Task to carry out: For each line below that holds "roll", return the line as it stands.

Exercise data:

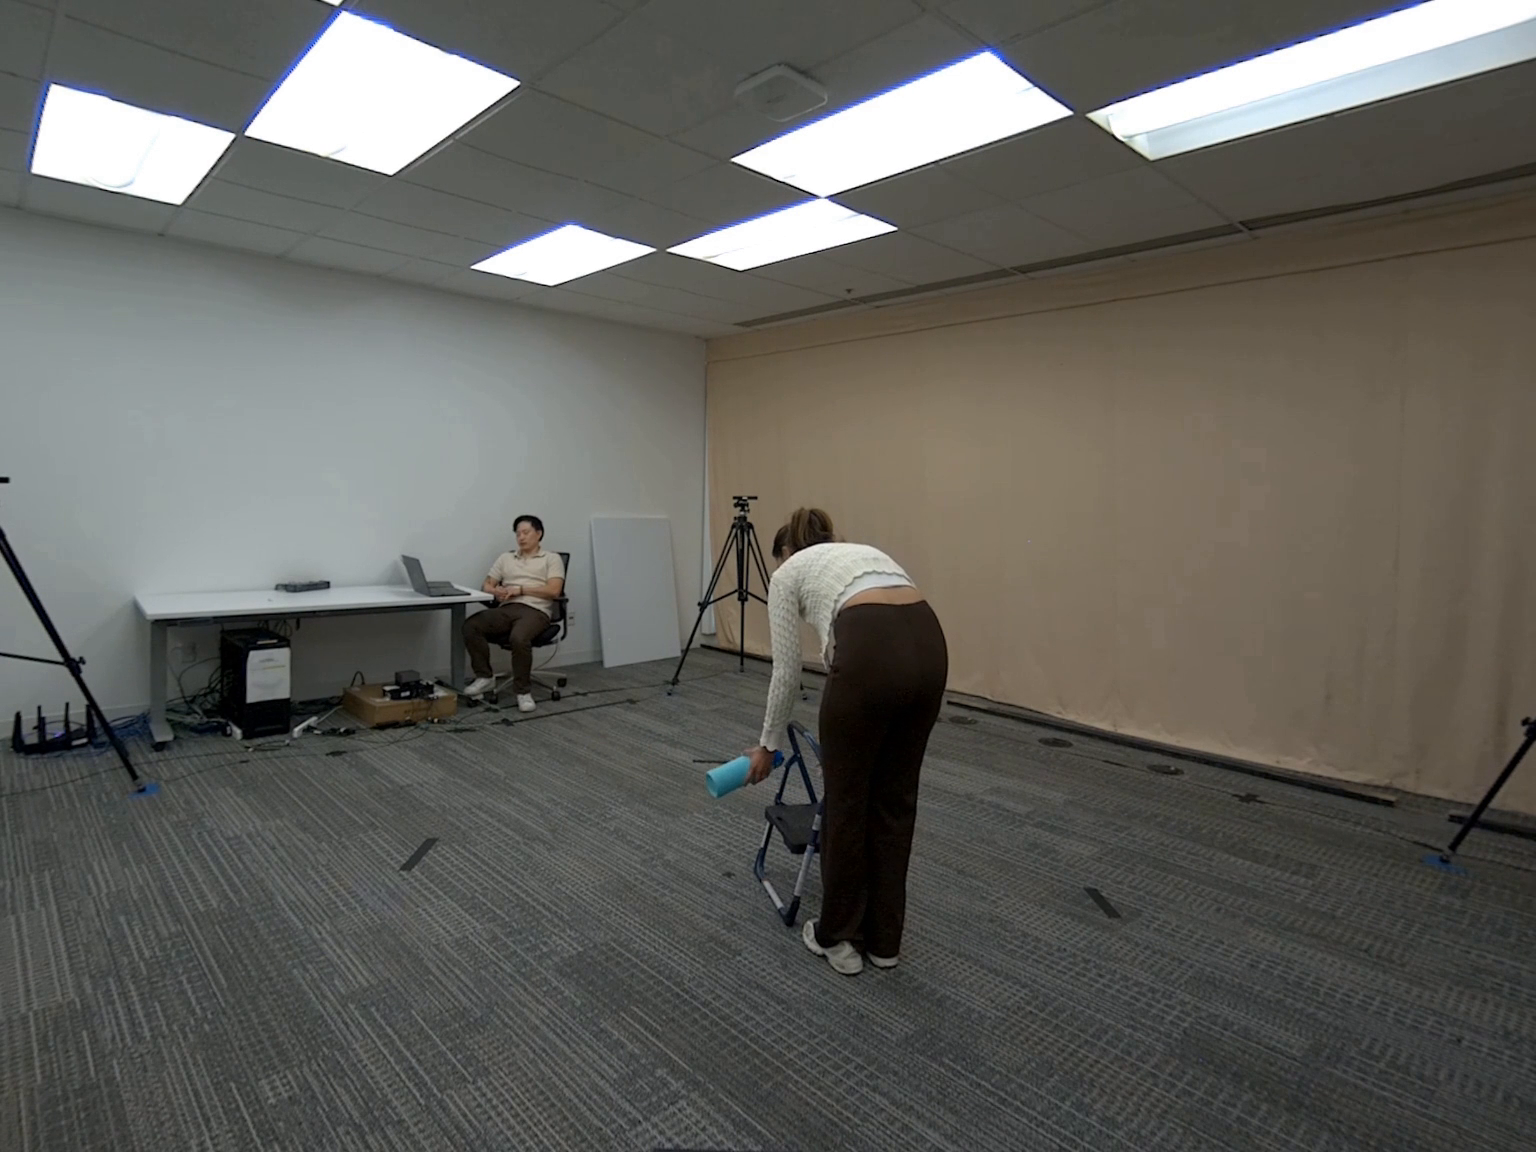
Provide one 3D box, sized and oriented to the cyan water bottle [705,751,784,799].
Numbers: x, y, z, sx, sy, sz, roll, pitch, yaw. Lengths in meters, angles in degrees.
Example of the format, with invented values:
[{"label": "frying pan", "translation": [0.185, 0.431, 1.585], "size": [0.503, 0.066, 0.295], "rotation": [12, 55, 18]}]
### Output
[{"label": "cyan water bottle", "translation": [-0.074, 0.640, 2.799], "size": [0.280, 0.091, 0.094], "rotation": [-17, 12, -26]}]
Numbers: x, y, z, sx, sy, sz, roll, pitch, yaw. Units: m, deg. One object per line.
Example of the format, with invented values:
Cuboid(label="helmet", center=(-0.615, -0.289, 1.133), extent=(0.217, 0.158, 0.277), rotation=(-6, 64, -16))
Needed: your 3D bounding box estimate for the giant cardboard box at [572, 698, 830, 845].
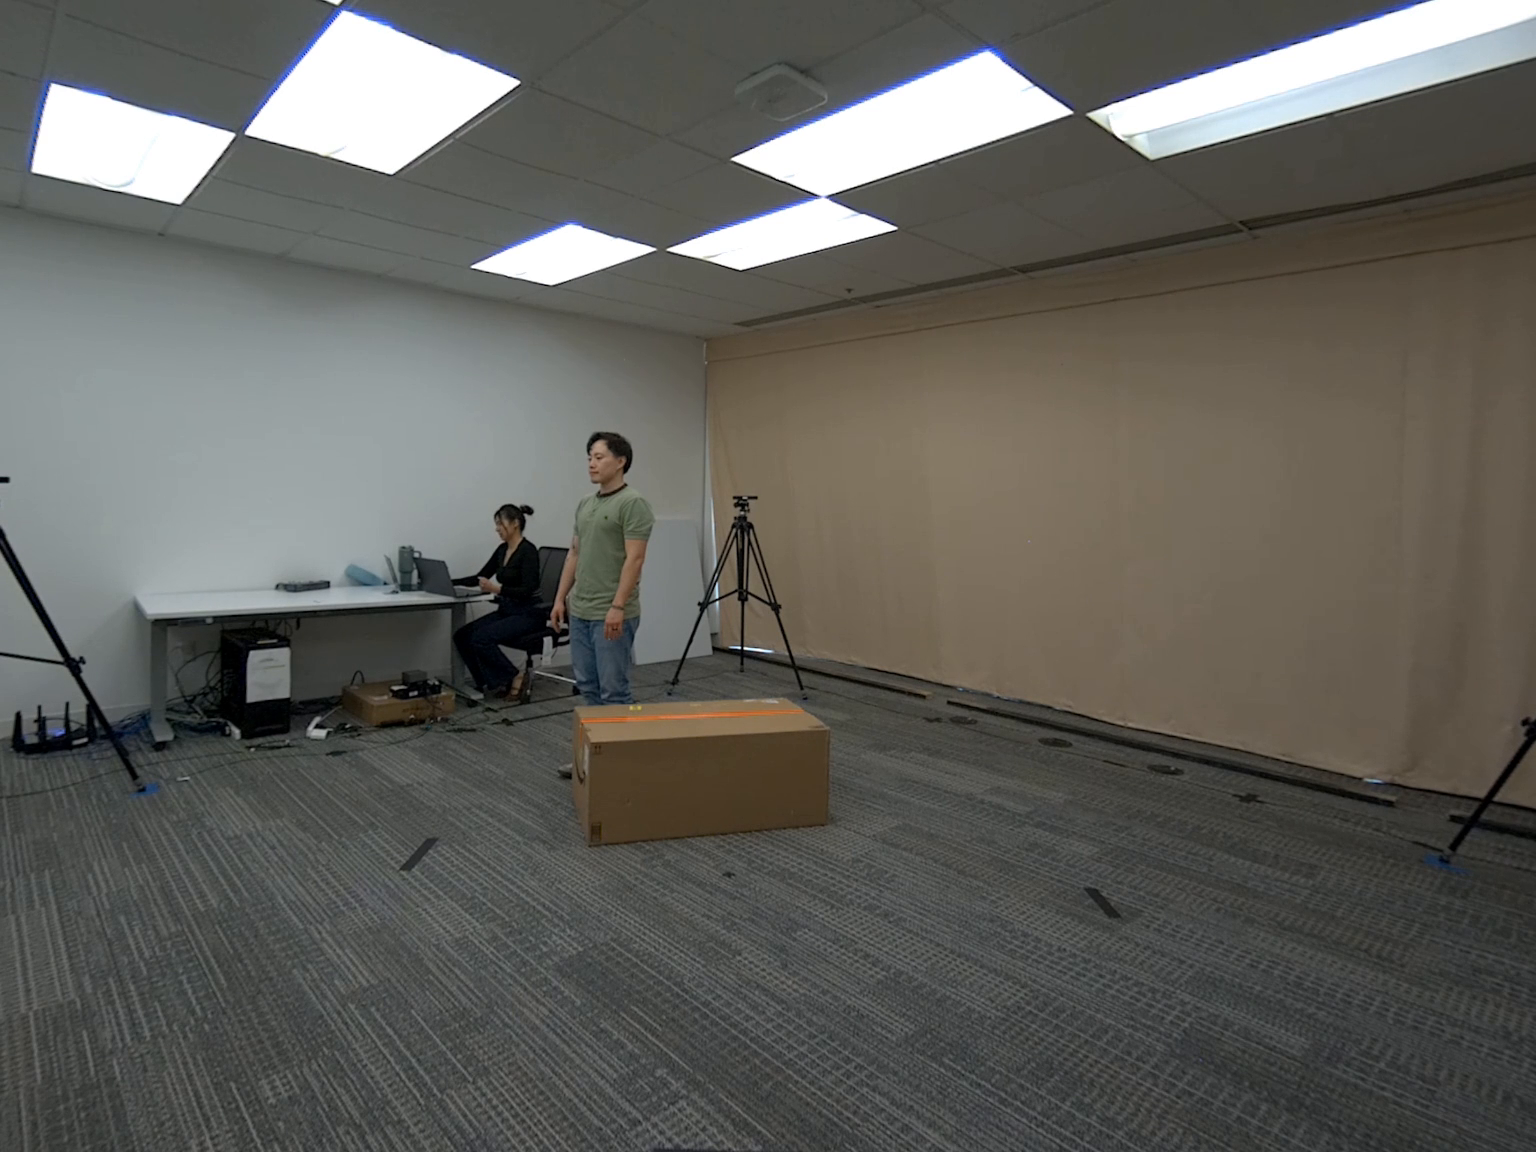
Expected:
Cuboid(label="giant cardboard box", center=(-0.319, 0.827, 3.719), extent=(1.012, 0.425, 0.586), rotation=(0, 3, -18))

Task output:
Numbers: x, y, z, sx, sy, sz, roll, pitch, yaw. Lengths in meters, angles in degrees.
Numbers: x, y, z, sx, sy, sz, roll, pitch, yaw. Units: m, deg. One object per line.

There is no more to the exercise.